STR host reviewing short-term rental insurance declarations page on laptop

Short-Term Rental Insurance: What Every Airbnb Host Needs to Know (And Most Don’t)

Let’s talk about something most hosts avoid until it’s too late — short-term rental insurance. I know, I know – it’s part of “adulting,” right? Insurance may seem soooo boring. The problem is without the right kind of insurance, you could find yourself in a whole lotta trouble. I don’t want that for you. You don’t want that for you. Sure, you might be insured. But does it cover everything you need it to cover? Let’s dive into the boring – head first. Ya ready?

The right short-term rental insurance protects your income, your property, and your liability when something goes wrong. The wrong coverage — or no coverage at all — means your insurance company has the legal right to deny your claim entirely, even if you’ve been paying premiums for years.

More than 40% of STR hosts don’t have the right insurance in place. Are you one of them? Keep reading, girlfriend!

A quick note: I am not an insurance expert, and nothing in this post should be taken as professional insurance advice.

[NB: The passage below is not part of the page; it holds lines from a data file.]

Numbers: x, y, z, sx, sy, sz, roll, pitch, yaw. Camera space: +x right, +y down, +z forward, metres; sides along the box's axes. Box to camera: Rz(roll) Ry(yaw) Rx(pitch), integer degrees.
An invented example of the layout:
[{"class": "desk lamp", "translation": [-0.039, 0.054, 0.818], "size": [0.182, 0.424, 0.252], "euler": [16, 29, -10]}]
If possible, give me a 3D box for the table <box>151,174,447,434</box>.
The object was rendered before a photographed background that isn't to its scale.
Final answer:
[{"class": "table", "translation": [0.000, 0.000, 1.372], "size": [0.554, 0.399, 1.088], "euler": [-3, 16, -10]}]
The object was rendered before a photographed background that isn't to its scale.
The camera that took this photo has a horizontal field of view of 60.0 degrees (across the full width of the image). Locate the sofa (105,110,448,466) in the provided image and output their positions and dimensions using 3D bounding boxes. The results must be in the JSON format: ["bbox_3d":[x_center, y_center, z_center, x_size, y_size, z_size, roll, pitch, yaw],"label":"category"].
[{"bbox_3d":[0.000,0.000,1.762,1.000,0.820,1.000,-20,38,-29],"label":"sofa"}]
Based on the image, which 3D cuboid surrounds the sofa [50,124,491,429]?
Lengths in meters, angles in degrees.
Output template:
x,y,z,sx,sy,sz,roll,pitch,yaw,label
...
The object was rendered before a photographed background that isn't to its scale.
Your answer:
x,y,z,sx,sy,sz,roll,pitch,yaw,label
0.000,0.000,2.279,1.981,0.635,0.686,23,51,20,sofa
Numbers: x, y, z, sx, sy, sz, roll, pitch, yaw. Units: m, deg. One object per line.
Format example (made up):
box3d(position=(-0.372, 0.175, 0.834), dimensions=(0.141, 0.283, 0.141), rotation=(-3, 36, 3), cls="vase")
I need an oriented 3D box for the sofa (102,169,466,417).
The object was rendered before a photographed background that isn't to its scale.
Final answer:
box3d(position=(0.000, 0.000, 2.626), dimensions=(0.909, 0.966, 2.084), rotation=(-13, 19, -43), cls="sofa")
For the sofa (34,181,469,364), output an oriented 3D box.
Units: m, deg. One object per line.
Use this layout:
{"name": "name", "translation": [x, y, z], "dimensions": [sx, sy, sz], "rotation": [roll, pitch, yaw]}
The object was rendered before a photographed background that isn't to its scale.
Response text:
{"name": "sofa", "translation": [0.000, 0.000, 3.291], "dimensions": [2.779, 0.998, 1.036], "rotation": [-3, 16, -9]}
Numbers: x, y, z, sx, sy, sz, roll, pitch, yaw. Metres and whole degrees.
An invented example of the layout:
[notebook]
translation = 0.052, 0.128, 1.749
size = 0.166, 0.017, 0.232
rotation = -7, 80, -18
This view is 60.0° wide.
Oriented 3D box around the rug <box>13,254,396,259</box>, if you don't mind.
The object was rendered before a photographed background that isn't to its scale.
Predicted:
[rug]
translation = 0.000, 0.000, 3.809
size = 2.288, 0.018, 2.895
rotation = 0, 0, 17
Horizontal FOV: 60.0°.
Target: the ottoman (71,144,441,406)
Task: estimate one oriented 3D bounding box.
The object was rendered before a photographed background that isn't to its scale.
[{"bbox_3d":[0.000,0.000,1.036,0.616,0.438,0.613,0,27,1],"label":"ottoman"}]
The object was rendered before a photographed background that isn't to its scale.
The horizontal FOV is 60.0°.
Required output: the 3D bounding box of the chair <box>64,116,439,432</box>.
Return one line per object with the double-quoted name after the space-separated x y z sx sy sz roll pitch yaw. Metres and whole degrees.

That’s exactly why I partnered with the team at Steadily — to make sure you’re getting accurate, up-to-date information from people who specialize in this. For the best recommendation for your specific situation, please connect with them directly.

Key Takeaways

  • A standard homeowner’s policy does not cover short-term rental activity — you need a dedicated STR or landlord policy.
  • Your declarations page tells you everything about what you actually have. Read it.
  • A higher deductible can significantly lower your monthly premium — and it’s a smarter financial strategy if you keep reserves.
  • Loss of rental income coverage is one of the most valuable features of an STR policy. Make sure it’s set accurately.
  • Documentation — photos, receipts, repair records — is your best defense before and during a claim.
  • Don’t mitigate damage before calling your insurance company. Call first, then act.

 

Why Your Homeowner’s Policy Isn’t Enough

Most hosts don’t intend to run uninsured. They just assume that the policy they have covers everything that happens at their property.

It doesn’t.

A standard homeowner’s insurance policy (HO3 or HO6) is designed for an owner-occupied or personally used property. The moment you rent that property to short-term guests, you have introduced commercial-level liability — and most homeowner’s policies are not built to cover that.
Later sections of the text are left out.